The involvement of mitochondria in vascular lesions, caused by Aβ peptides or other insults inducing ROS, remains largely undefined in terms of molecular mechanisms. An earlier work reported histological evidence for vessel injuries associated with the mitochondrial dysfunction found in AD patient specimens, and in a mouse model of AD (Aliev et al., 2003). More recently, reports have described the protection of cerebral vasculature morphology and function in transgenic mice lacking the ROS-producing machinery through ablation of the Nox-2 gene (Park et al., 2008). Mitochondrial involvement in vessel injuries has been demonstrated in reports showing that TAT-linked BH4, a peptide domain of the anti-apoptotic Bcl-xL mitochondrial protein, prevented Aβ-induced damages in cultured endothelial cells and ischemic brain damage (Donnini et al., 2009; Cantara et al., 2007). Recently, a mitochondrial protein, prohibitin-1, has been shown to protect the endothelium from ROS damages (Schleicher et al., 2008). Together, these findings underscore the relevance of targeting lipid peroxidation products as a means of rescuing vessels from toxic insults.

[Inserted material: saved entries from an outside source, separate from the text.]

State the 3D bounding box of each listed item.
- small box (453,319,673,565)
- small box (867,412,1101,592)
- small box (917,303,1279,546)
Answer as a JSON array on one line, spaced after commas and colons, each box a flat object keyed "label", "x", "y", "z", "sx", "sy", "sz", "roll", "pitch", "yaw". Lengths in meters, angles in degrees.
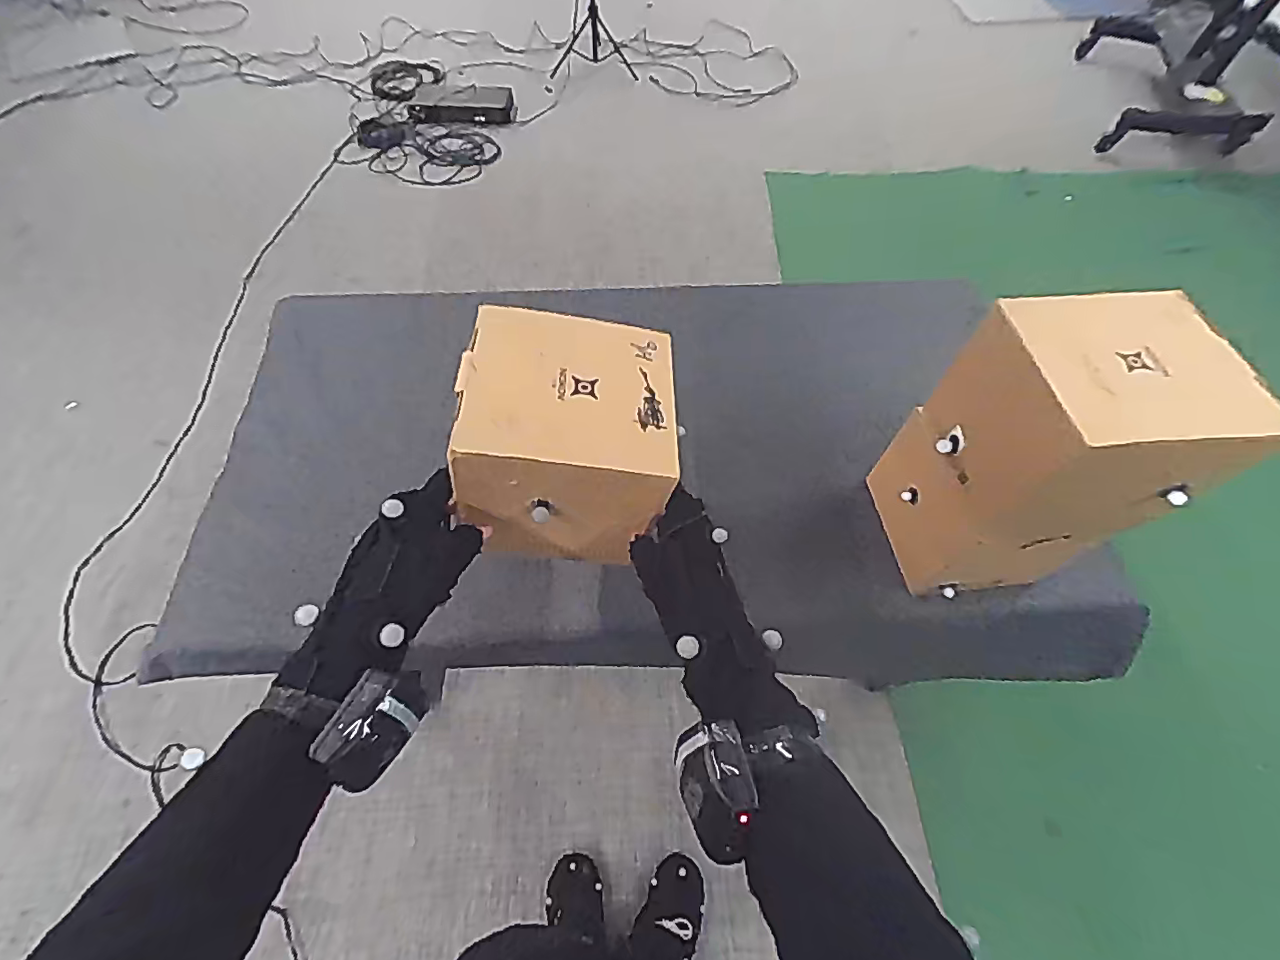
[{"label": "small box", "x": -0.072, "y": -0.028, "z": 0.532, "sx": 0.179, "sy": 0.176, "sz": 0.168, "roll": 7, "pitch": 55, "yaw": -10}, {"label": "small box", "x": 0.410, "y": 0.029, "z": 0.668, "sx": 0.168, "sy": 0.176, "sz": 0.179, "roll": -6, "pitch": 58, "yaw": -3}, {"label": "small box", "x": 0.410, "y": -0.047, "z": 0.526, "sx": 0.179, "sy": 0.176, "sz": 0.168, "roll": -5, "pitch": 57, "yaw": -1}]

The present work identifies a specific detoxifying mechanism, provided by activation of a mitochondrial enzyme, ALDH2, by means of the selective activator Alda-1. The protection of the vascular endothelium from injuries arising from toxic products of lipid peroxidation afforded by this activator could have implications for a wide range of diseases in which impairment of mitochondrial function and angiogenesis are the underlying pathogenetic mechanism. Our findings, demonstrating that activation of ALDH2 by Alda-1, prevents the injurious effects of Aβ on vascular endothelium and preserves angiogenic phenotype and responsiveness, may have applications for other age-related vasculopathies, including those associated with diabetes and vascular dementia.